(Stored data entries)
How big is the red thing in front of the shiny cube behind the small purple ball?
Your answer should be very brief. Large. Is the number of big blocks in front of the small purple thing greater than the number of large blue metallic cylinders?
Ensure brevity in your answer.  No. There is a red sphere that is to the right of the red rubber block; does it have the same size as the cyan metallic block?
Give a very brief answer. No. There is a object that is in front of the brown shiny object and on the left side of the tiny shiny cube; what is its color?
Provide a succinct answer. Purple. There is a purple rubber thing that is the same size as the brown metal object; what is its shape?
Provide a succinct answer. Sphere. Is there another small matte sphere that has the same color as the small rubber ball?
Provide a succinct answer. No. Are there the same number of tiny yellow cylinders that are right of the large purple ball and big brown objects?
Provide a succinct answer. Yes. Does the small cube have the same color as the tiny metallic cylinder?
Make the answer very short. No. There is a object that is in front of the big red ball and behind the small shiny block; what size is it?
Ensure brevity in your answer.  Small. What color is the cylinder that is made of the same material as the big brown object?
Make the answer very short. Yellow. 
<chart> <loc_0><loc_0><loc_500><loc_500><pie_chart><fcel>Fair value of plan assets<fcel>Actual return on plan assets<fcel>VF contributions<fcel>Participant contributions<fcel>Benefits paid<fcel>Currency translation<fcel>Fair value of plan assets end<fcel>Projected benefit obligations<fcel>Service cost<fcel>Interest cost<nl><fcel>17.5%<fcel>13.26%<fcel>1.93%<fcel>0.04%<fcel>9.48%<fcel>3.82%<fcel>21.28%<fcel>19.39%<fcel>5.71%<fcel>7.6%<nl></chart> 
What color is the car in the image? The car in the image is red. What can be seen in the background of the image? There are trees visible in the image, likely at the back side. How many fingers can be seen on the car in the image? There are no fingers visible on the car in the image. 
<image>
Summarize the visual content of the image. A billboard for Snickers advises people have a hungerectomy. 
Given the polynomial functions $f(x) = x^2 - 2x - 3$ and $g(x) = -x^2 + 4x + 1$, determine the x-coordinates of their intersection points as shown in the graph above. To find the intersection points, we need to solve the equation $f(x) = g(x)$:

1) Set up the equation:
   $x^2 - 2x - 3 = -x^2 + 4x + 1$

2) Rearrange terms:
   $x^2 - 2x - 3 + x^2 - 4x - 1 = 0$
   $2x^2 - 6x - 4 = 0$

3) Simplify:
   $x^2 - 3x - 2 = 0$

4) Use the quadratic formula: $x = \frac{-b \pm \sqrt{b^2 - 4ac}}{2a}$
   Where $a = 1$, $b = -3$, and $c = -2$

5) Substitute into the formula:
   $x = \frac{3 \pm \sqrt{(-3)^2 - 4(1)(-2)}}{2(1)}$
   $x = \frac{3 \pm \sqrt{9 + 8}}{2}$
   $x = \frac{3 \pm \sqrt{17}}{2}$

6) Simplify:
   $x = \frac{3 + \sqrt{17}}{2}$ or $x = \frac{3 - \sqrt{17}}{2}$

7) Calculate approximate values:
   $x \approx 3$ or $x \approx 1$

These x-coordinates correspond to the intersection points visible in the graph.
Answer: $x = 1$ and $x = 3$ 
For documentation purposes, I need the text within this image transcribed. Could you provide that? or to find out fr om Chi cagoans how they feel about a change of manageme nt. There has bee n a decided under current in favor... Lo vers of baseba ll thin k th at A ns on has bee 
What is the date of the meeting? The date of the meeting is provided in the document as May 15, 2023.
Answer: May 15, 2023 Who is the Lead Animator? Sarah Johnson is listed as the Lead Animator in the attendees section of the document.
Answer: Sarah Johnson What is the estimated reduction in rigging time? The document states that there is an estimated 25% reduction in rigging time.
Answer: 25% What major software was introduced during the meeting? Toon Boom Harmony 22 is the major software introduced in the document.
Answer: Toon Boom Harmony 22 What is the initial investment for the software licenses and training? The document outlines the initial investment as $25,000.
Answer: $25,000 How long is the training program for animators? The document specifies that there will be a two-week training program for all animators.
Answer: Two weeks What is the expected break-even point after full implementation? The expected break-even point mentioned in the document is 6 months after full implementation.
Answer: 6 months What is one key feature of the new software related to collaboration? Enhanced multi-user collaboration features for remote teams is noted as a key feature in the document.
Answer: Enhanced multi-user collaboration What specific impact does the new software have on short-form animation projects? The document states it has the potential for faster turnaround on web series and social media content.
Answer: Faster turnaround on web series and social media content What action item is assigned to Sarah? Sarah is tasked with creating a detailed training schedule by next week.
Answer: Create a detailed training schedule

> _Requirement_
All lines from the start of the entries through the line where "Your answer should" sits should be duplicated exactly, with nothing else in the output.

> _Result of this task_
How big is the red thing in front of the shiny cube behind the small purple ball?
Your answer should be very brief. Large. Is the number of big blocks in front of the small purple thing greater than the number of large blue metallic cylinders?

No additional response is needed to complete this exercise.